The code for this problem is in the description.
I spent 2 -3 hours thinking over the time complexity and searching online. In the rare event that I found someone who knew the time complexity, their explanation would fall short.
I will not tell you I know something unless I am 90%+ sure I am right so I did not cover the time complexity since it is NOT TRIVIAL to calculate for this problem for reasons stated in the video.
Space complexity is straightforward though depending on how you implement this problem.
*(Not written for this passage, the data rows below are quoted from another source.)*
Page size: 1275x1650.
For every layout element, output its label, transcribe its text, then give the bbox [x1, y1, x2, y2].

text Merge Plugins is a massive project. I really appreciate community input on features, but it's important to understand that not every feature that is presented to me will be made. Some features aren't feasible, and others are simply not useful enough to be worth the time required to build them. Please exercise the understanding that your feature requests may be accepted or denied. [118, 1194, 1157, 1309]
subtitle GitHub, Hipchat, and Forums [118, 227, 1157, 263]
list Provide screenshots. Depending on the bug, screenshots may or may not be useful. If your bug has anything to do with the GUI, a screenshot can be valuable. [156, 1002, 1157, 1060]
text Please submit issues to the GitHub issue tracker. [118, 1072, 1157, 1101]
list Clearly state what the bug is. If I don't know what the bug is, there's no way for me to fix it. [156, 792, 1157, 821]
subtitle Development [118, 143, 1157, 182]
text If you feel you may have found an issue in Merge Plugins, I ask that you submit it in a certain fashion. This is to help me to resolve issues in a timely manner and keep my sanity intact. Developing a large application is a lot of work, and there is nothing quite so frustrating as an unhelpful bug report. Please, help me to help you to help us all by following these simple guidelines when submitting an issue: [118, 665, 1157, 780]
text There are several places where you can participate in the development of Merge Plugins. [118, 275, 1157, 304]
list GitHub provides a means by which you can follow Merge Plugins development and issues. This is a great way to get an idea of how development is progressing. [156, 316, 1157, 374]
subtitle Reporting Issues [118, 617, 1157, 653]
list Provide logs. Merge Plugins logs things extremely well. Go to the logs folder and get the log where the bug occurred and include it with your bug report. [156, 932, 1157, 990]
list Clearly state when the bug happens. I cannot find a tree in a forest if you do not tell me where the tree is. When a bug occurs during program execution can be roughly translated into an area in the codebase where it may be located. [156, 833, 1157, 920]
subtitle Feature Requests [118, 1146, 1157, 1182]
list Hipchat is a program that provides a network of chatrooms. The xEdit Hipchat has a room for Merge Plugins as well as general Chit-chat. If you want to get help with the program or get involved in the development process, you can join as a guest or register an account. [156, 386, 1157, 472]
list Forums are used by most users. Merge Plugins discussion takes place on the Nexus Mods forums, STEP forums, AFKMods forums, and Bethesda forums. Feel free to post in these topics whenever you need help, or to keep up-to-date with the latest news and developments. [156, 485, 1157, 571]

This is a weak video because today I'm planning videos for the next 2-3 months. Didn't put many animations in it.
Back To Back SWE
whaddup
Ashish Ranjan
Bro when u r going to post new videos in the list.... keep on doing gud works
NICK
Really appreciate these videos. I love watching Kevin Naughton Jr. for the high-level solutions and your videos for the conceptual deep dive into these challenges. Thank you!
Back To Back SWE
ye - thanks for watching!
Anand Ganesh
God-level explanation!! never thought this could turn out this easy! This also cleared out my thought in general while doing backtracking. Love you bro!
Artem Strashko
Thank you for turning a hard problem into a simple one!:)
Martin F
Really solid explanation, I was sort of stumped with the explanation on LC and this cleared it up. I believe the time complexity though is O(2^n) you are either picking or not picking the element so for n elements with two possibilities you could have two decision trees potentially of depth n.
Back To Back SWE
@Martin F It'd be fascinating though. I wish I could stay on these problems but too many to cover so I had to move along.
Martin F
@Back To Back SWE True you'd have to think about the worse case. I guess you'd have to think if its possible to have most at most N elements per N / K buckets then you have a tree of depth N / K and if it's possible to have a tree of N = K then you'd have 2 ^ (N / K * N) which might just be 2 ^ K, but haha no time to actually try and prove this.